12 Neem de sabbat in acht, zoals de HEER, uw God, u heeft geboden; het is een heilige dag. 13 Zes dagen lang kunt u werken en al uw arbeid verrichten, 14 maar de zevende dag is de sabbat, die gewijd is aan de HEER, uw God; dan mag u niet werken. Dat geldt voor u, voor uw zonen en dochters, voor uw slaven en slavinnen, voor uw runderen, uw ezels en al uw andere dieren, en ook voor vreemdelingen die bij u in de stad wonen; want uw slaaf en slavin moeten evengoed rusten als u. 15 Bedenk dat u zelf slaaf was in Egypte totdat de HEER, uw God, u met sterke hand en opgeheven arm bevrijdde. Daarom heeft Hij u opgedragen de sabbat te houden.

De sabbat wordt hier op twee manieren verbonden met Israëls slavernijverleden in Egypte. De rust van de sabbat brengt in herinnering hoe God Israël bevrijdde uit slavernij. Als slaven in Egypte hadden de Israëlieten geen dag rust, het juk van de dwangarbeid drukte elke dag. Nu leven ze in vrijheid en de rust van de sabbat, elke zevende dag, herinnert ze daaraan. Bovendien zorgt de sabbat ervoor dat het regiem van Egypte in Israël geen voet aan de grond kan krijgen. Want de sabbatsrust geldt voor iedereen, inclusief de slaven en slavinnen, de vreemdelingen en het vee. Expliciet herhaalt de tekst: ‘want uw slaaf en slavin moeten evengoed rusten als u.’ Hoewel er nog steeds sprake is van slavernij, moet de situatie in Israël radicaal anders zijn dan in Egypte.

Hoe zit dat? De sabbat geldt hier als gelijkmaker: meester en slaaf delen samen in de rust. En tegelijk geldt de sabbat als reminder: zonder Gods hulp was jij zelf ook slaaf geweest.

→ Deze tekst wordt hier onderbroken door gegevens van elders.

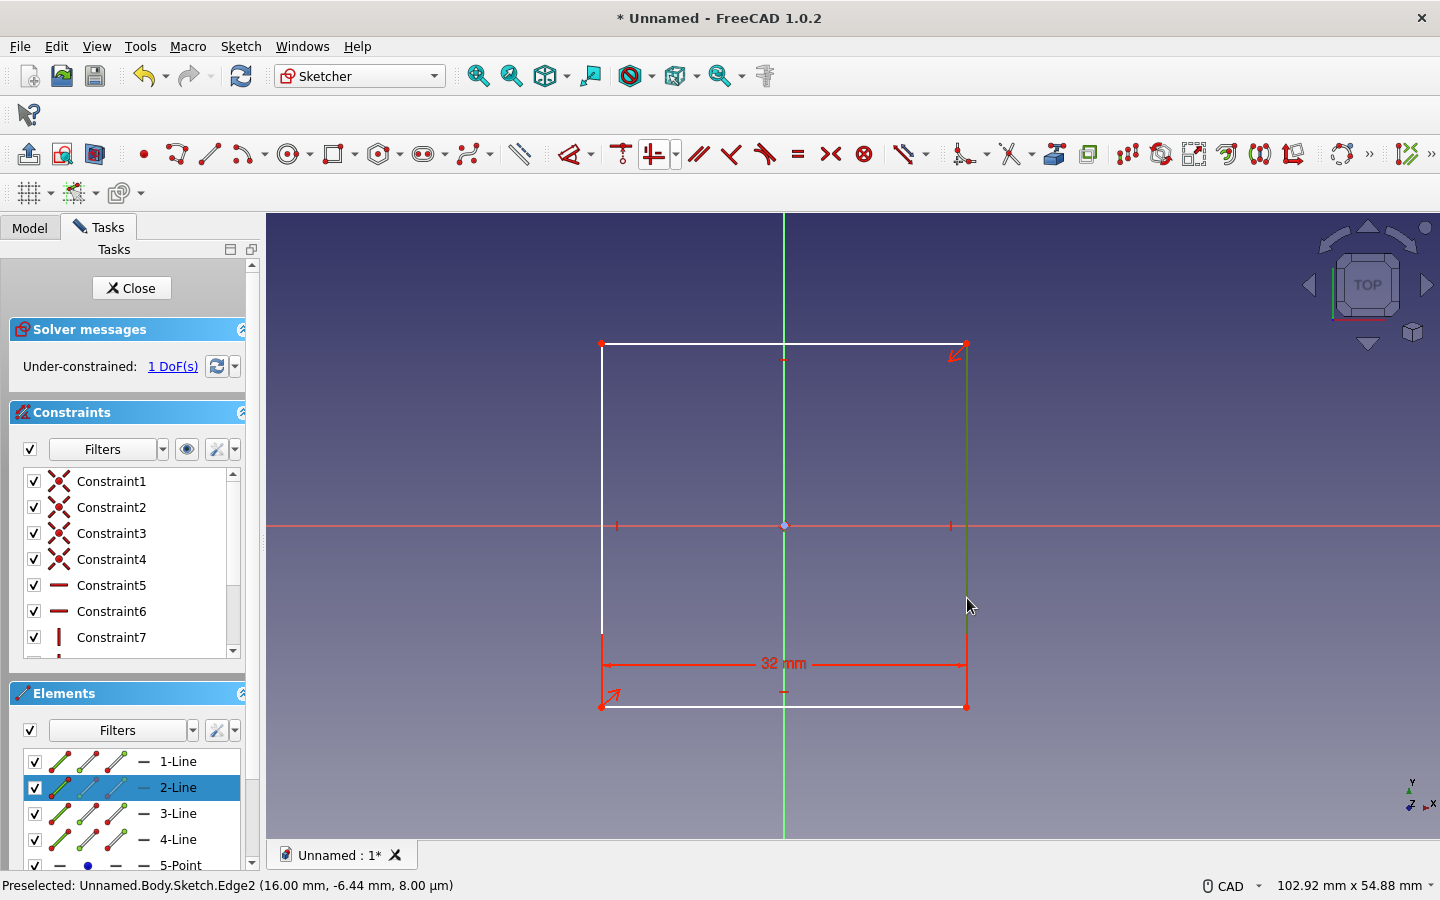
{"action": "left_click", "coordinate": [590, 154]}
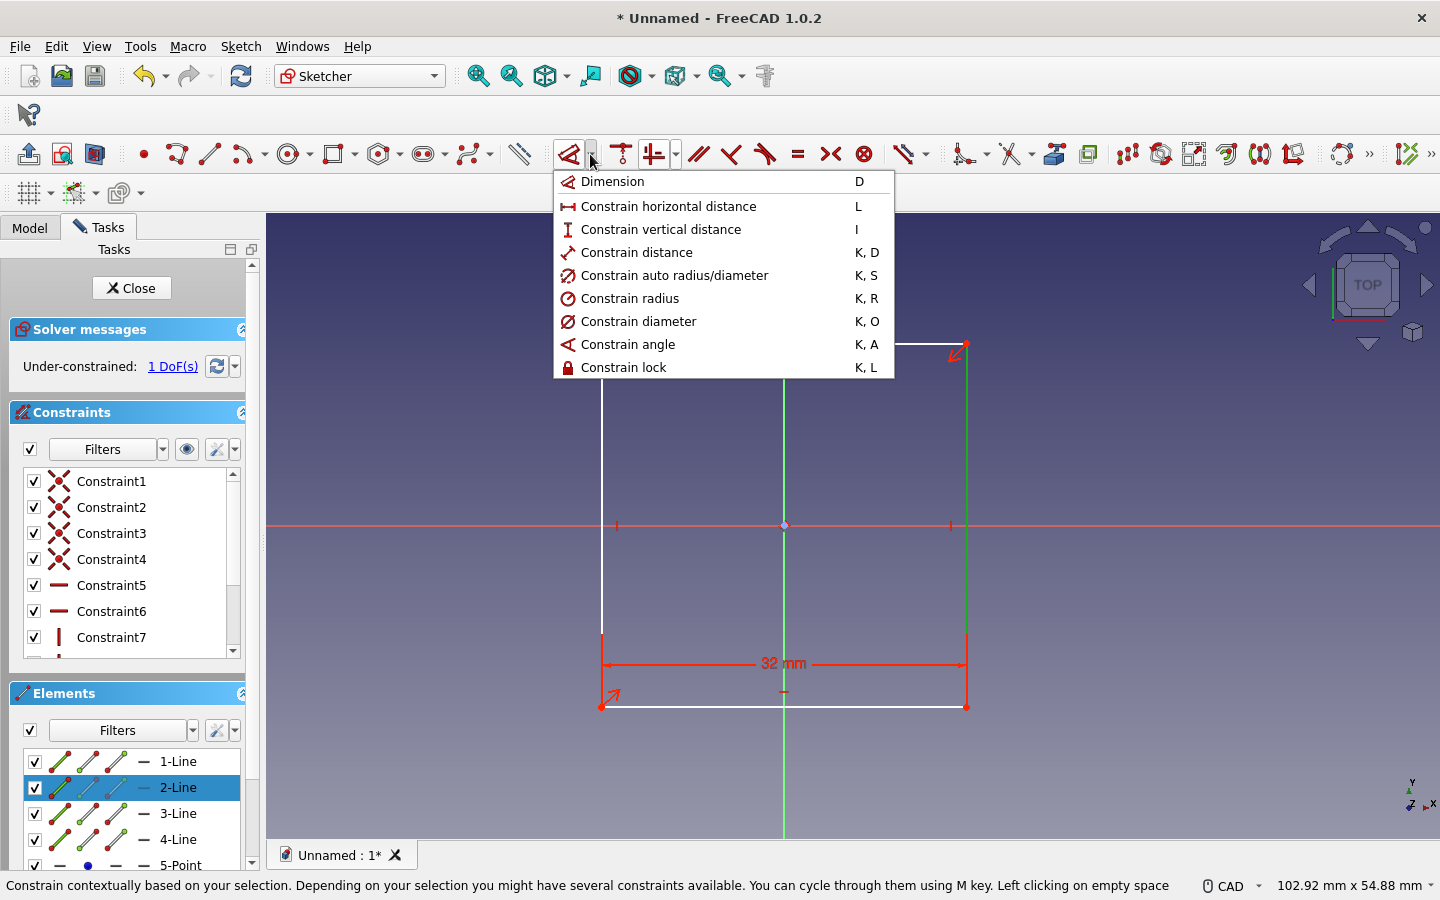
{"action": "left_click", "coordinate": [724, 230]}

In Exodus 20 wordt het sabbatsgebod anders ingekleed:

8 Houd de sabbat in ere als een heilige dag. 9 Zes dagen lang kunt u werken en al uw arbeid verrichten, 10 maar de zevende dag is de sabbat, die gewijd is aan de HEER, uw God; dan mag u niet werken. Dat geldt voor u, voor uw zonen en dochters, voor uw slaven en slavinnen, voor uw vee, en ook voor vreemdelingen die bij u in de stad wonen. 11 Want in zes dagen heeft de HEER de hemel en de aarde gemaakt, en de zee met alles wat er leeft, en op de zevende dag rustte Hij. Daarom heeft de HEER de sabbat gezegend en geheiligd.

Terwijl Deuteronomium 5:15 de sabbat verbindt met de bevrijding uit slavernij, verankert Exodus 20:11 de sabbat in de scheppingsorde. In Exodus is God het voorbeeld: Hij rustte, en daarom moet jij rusten. In Deuteronomium wordt vanaf de andere kant gekeken: als jij rust, dan ook je slaven en slavinnen!

Als je die twee perspectieven bij elkaar optelt, ontstaat er een bijzonder beeld. Uit Exodus leren we dat de sabbatsrust niet zomaar een dagje vrij is. Je deelt als mens in Gods rust. Rust was in de oudheid het privilege van de goden. Zij piekerden er niet over om dat met mensen te delen. De God van Israël is anders: Hij laat zijn volk delen in zijn rust. Maar wat Exodus alleen noemt, wordt in Deuteronomium benadrukt: dat volk bestaat niet alleen uit succesvolle alfamannetjes, maar uit vrouwen, mannen, kinderen, vreemdelingen, slaven, slavinnen en vee. Samen vormen zij de gemeenschap en God schenkt zijn rust aan héél de gemeenschap.    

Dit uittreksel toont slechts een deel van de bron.